In 1979 sluit NS de wagenwerkplaats en zijn er plannen het gebouw te slopen om ruimte te maken voor een nieuw expeditieknooppunt van de PTT. NS wil het gebouw wegens ruimtegebrek in de andere werkplaatsen echter nog behouden, waardoor het expeditieknooppunt van de PTT uiteindelijk aan de zuidzijde van het emplacement komt. NS neemt de oude locomotiefloods intussen weer in gebruik als hulpwerkplaats. Ook wordt de loods gebruikt als opslagruimte van het Spoorwegmuseum en Stibans. Ook wordt hier museummaterieel opgelapt voor de festiviteiten rondom het 150-jarig bestaan van de spoorwegen in Nederland in 1989. NS gebruikt de werkplaats onder andere voor het verwijderen van asbest uit diverse oudere treinsteltypes. Daarnaast wordt afgevoerd materieel bij de loods gestald en ontdaan van bruikbare onderdelen. In mei 1994 sluit NS de werkplaats definitief. Om de sloop van het compleet vervallen gebouw te voorkomen, benoemt de gemeente het tot gemeentelijk monument. In 2002 is het gebouw, samen met de andere bewaarde bouwwerken van het stationscomplex uit 1907 benoemd tot Rijksmonument.

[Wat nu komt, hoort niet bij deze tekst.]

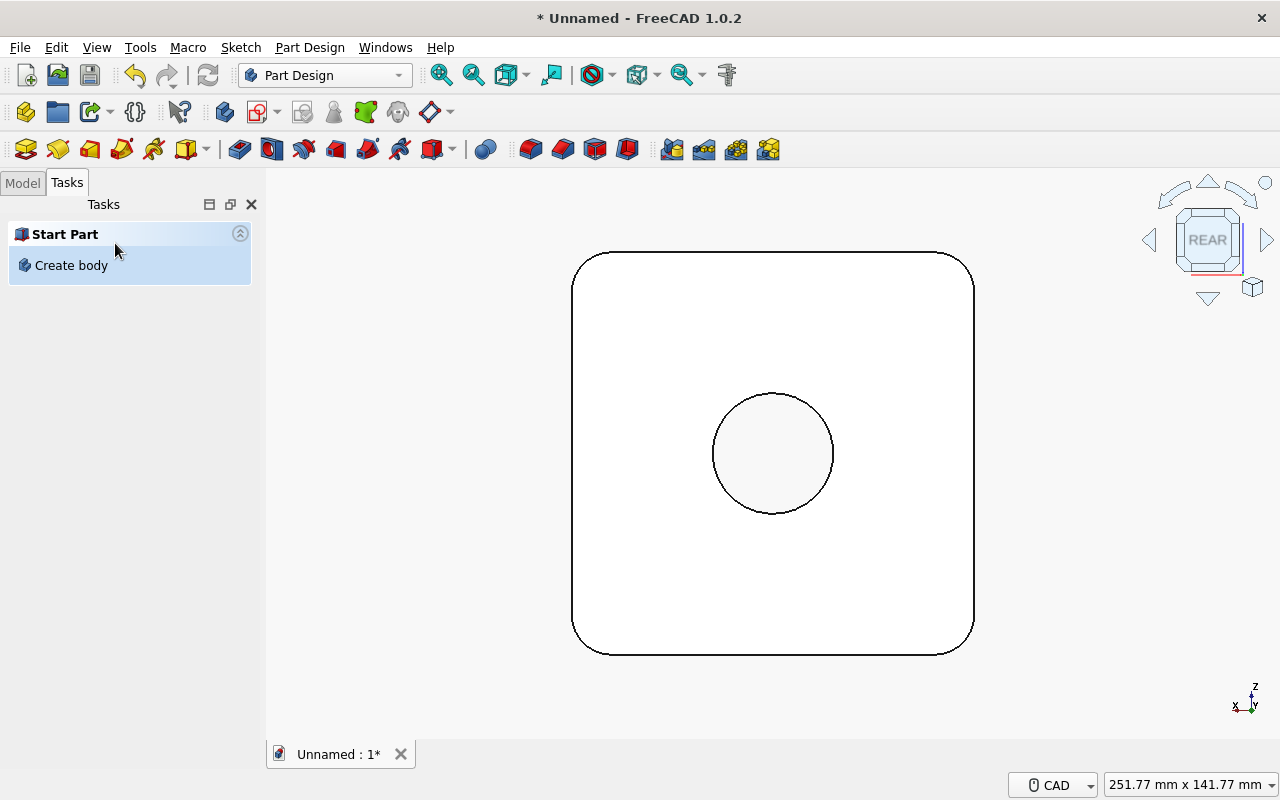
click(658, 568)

In 2008 wordt de Nationale Maatschappij tot Behoud, Ontwikkeling en Exploitatie van Industrieel Erfgoed, kortweg BOEi, eigenaar van de voormalige locomotiefloods en is het gebouw grondig opgeknapt. Terwijl de buitenzijde zoveel mogelijk in historische staat is hersteld, is binnen de muren van het monumentale gebouw een moderne werkplaats gecreëerd. In 2013 is het voormalige seinhuis B van het stationsemplacement naar het terrein bij de locomotiefloods overgebracht. Sinds dat jaar huurt Railpark Roosendaal de voormalige locomotiefloods als werkplaats voor railvoertuigen. Zo onderhoudt Spoorijzer hier een aantal jaar goederenmaterieel en zijn verschillende museumtreinen in werkplaats gerestaureerd. De grote locomotiefloods is het laatste exemplaar in Nederland dat bestaat uit een ijzerconstructie, opgevuld met steen en glas.